Thanks to Morgan's facebook post and some coaching from Reuben, I was able to set up renders on four computers last night. I put my simplified folder into the Y drive "Render Farm" folder as an experiment. Doing that means I can fix up one folder instead of loading up a new folder on D drive of every computer I use. I started the process of setting up the renders at 9.30 but there were some problems. First problem, every machine needed to be restarted. This turned out to be a smart move because I didn't restart mine and it decided it was going to do it for me at 10.30 whether I liked it or not. I only lost 7 frames but that was over an hour of rendering. I restarted it early and should have started again from frame 8 but decided to render straight from D drive instead. Second problem, any computer NOT attached to a Cintiq wouldn't let me open a scene on Maya. It was slow beyond belief! I will call tech support today and ask them to suss this out. It will make things worse for all of us if only the most popular stations can be used for rendering. I'm glad that I've started now. I remembered this morning that I will be keeping normal working hours during break because the girls don't leave for their holiday until AFTER we come back from ours. So, I can't be here at 9pm to start the rendering process during the week. If I get going sooner, I will be out of people's way when they start rushing in, panicked, at the end of the holiday.

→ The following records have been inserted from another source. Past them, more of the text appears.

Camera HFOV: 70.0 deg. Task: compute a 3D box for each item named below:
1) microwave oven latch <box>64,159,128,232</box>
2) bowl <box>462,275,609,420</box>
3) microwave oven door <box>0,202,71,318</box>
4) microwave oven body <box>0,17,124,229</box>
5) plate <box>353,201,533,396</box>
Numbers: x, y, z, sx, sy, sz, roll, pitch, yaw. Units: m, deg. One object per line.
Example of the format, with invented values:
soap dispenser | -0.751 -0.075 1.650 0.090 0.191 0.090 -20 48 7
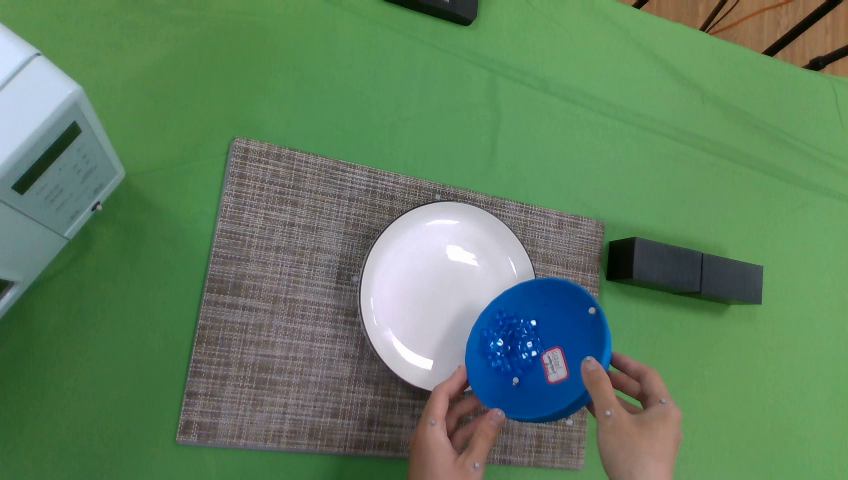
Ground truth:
microwave oven latch | -0.299 -0.046 0.537 0.030 0.029 0.079 40 73 -12
bowl | 0.122 0.119 0.612 0.077 0.150 0.151 45 69 -41
microwave oven door | -0.384 0.114 0.379 0.039 0.243 0.355 38 73 -12
microwave oven body | -0.476 -0.007 0.363 0.327 0.259 0.440 38 73 -13
plate | 0.022 0.062 0.659 0.208 0.039 0.207 3 83 -20
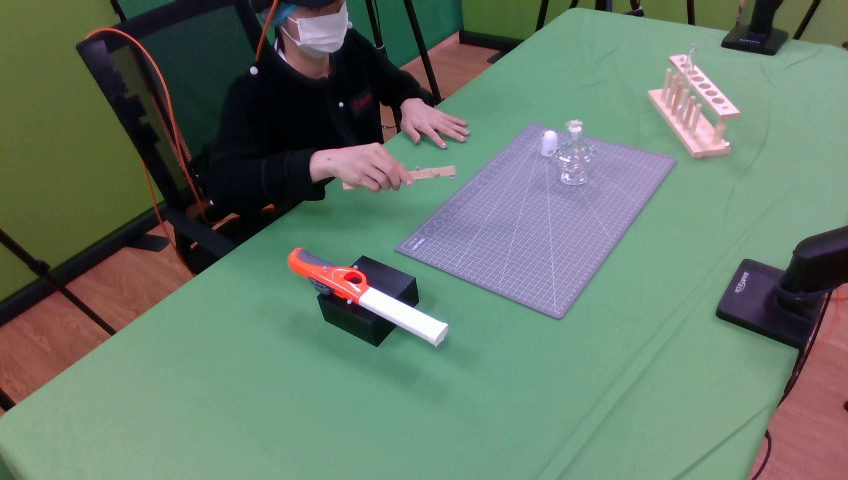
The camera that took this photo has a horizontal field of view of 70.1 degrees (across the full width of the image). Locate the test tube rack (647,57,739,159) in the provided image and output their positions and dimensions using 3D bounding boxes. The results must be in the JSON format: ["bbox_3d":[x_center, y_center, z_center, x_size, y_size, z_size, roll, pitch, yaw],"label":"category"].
[{"bbox_3d":[0.504,-0.257,1.153,0.067,0.085,0.241,-8,40,1],"label":"test tube rack"}]

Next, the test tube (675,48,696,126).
[{"bbox_3d":[0.481,-0.279,1.112,0.017,0.151,0.017,-5,40,5],"label":"test tube"}]

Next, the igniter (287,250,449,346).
[{"bbox_3d":[-0.087,0.073,0.825,0.274,0.025,0.057,23,48,27],"label":"igniter"}]

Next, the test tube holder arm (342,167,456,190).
[{"bbox_3d":[-0.039,-0.093,0.917,0.178,0.015,0.013,-7,1,10],"label":"test tube holder arm"}]

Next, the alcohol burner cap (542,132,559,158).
[{"bbox_3d":[0.238,-0.180,1.134,0.034,0.048,0.033,-5,41,5],"label":"alcohol burner cap"}]

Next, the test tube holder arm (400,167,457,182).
[{"bbox_3d":[0.006,-0.099,0.915,0.087,0.015,0.010,-6,1,11],"label":"test tube holder arm"}]

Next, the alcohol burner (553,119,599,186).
[{"bbox_3d":[0.261,-0.153,1.042,0.078,0.119,0.077,-6,40,6],"label":"alcohol burner"}]
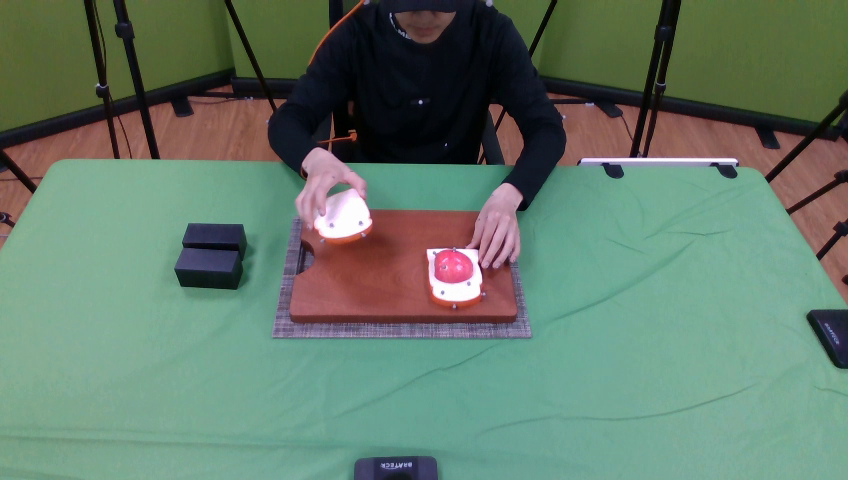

And here's what I harvested this morning!
111 files/frames from rendering S2P7 over two computers and S2P6 on one computer. I will go through now looking for redundancies from false starts. V. Exciting. I don't know what to do with them now that I have them, though. I will copy them off Y drive so they don't get accidentally lost. I got here at 9.45 and nobody was here yet. It's now 10.27 and still, nobody here. I'm going to experiment with rendering in 10 frame or one hour chunks. That way, if somebody comes in, it won't be a massive inconvenience to either of us for me to move to another machine. And the rendering doesn't have to start from the beginning, just from the frame that is partially rendered.
An hour later, I've got four computers working on another 80 frames of S2P1. It's a very complex scene. If the people who use those machines don't come in until 5, ha ha, I may get the whole 80 frames rendered. This will be an exercise in organisation.